CVC-led consortium to buy majority stake in Recordati pharma business

A consortium led by CVC has agreed to acquire the holding company that owns 51.8% of Italian pharmaceutical firm Recordati. The deal is valued at €3.03bn.


Casual Dining Group agrees equity swap

Casual Dining Group has orchestrated a debt-for-equity swap with its lenders in a bid to cut its weighty interest bill. Under the deal, worth an estimated £150m, KKR and Pemberton Asset Management will take shares in the company in exchange for writing off some debts.

Great Rail Journeys sold

Great Rail Journeys, which runs escorted railway holidays, is being sold by ECI to Duke Street in an estimated £100m deal.


Evening Standard to record £10m loss

The Evening Standard newspaper is set to record a loss of £10m for the year ending September 2017. The Standard’s loss - £9.98m - comes after a recorded profit of £2.2m in the previous year, representing a £12m swing into the red.

Brexit could see broadcaster exodus

The Mail on Sunday claims that over 6,000 British broadcasting jobs are at risk from Brexit, as broadcasters fear losing their ability to transmit their channels across the EU from the UK under 'country of origin' rules.


Government plans longer tenancies for renters

A minimum tenancy term of three years would be introduced under Government proposals to give people renting homes in England more security. Figures show 80% of tenants currently have contracts of six or 12 months and ministers say longer agreements would allow them to put down more roots. They add tenants would be able to leave earlier under the plans, as a six-month “break clause” would replace the traditional one or two-month notice period, while landlords would get more financial security, as longer tenancies would help them avoid costly periods searching for tenants.

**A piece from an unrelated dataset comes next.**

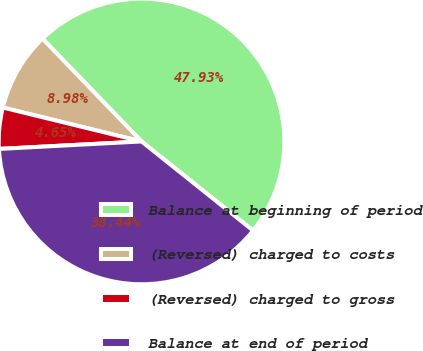<chart> <loc_0><loc_0><loc_500><loc_500><pie_chart><fcel>Balance at beginning of period<fcel>(Reversed) charged to costs<fcel>(Reversed) charged to gross<fcel>Balance at end of period<nl><fcel>47.93%<fcel>8.98%<fcel>4.65%<fcel>38.44%<nl></chart>

Emoov bids for Countrywide merger

Online property firm Emoov is looking to merge with Countrywide, Britain’s biggest estate agent, which last week posted its second profit warning of the year. Emoov founder Russell Quirk said: “Countrywide is on its knees. They have to do something.” Countrywide has not responded to the proposals.

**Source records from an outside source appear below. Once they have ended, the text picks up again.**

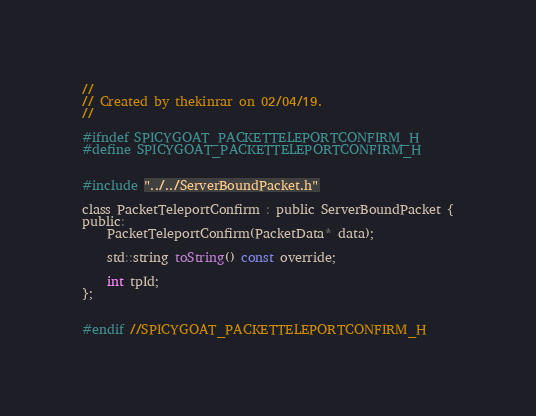<code> <loc_0><loc_0><loc_500><loc_500><_C_>//
// Created by thekinrar on 02/04/19.
//

#ifndef SPICYGOAT_PACKETTELEPORTCONFIRM_H
#define SPICYGOAT_PACKETTELEPORTCONFIRM_H


#include "../../ServerBoundPacket.h"

class PacketTeleportConfirm : public ServerBoundPacket {
public:
    PacketTeleportConfirm(PacketData* data);

    std::string toString() const override;

    int tpId;
};


#endif //SPICYGOAT_PACKETTELEPORTCONFIRM_H
</code>

Blackstone looks to offload Ideal World

Blackstone is set to sell off the Ideal World home shopping channel for less than half the price it paid for the business. The private equity firm has appointed advisers to find a buyer quickly for the channel's parent company Ideal Shopping Direct.


Q1 growth revised up

The UK's economic growth has been revised up for the first quarter of the year, from 0.1% to 0.2%. The ONS attributed the upgrade to “later construction data and significantly improved methods for measuring the sector”. Separate data from the ONS showed that the key services sector grew by 0.3% in April, the fastest monthly rate since last November. Household spending increased by 0.2% over the quarter and the household savings ratio fell from 4.5% to 4.1% - the third-lowest quarterly ratio since records began in 1963. Business investment shrank by 0.4% - worse than the previous estimate of a 0.2% contraction.

BoE’s Cunliffe warns of painful outlook

Bank of England deputy governor Sir Jon Cunliffe has warned that a cocktail of risks is stirring in the global economy that could be damaging for Brexit Britain. Escalating trade wars, strains in emerging markets and a rising possibility of a Chinese credit crisis could combine into a “painful” experience for the British economy, he told the Sunday Times.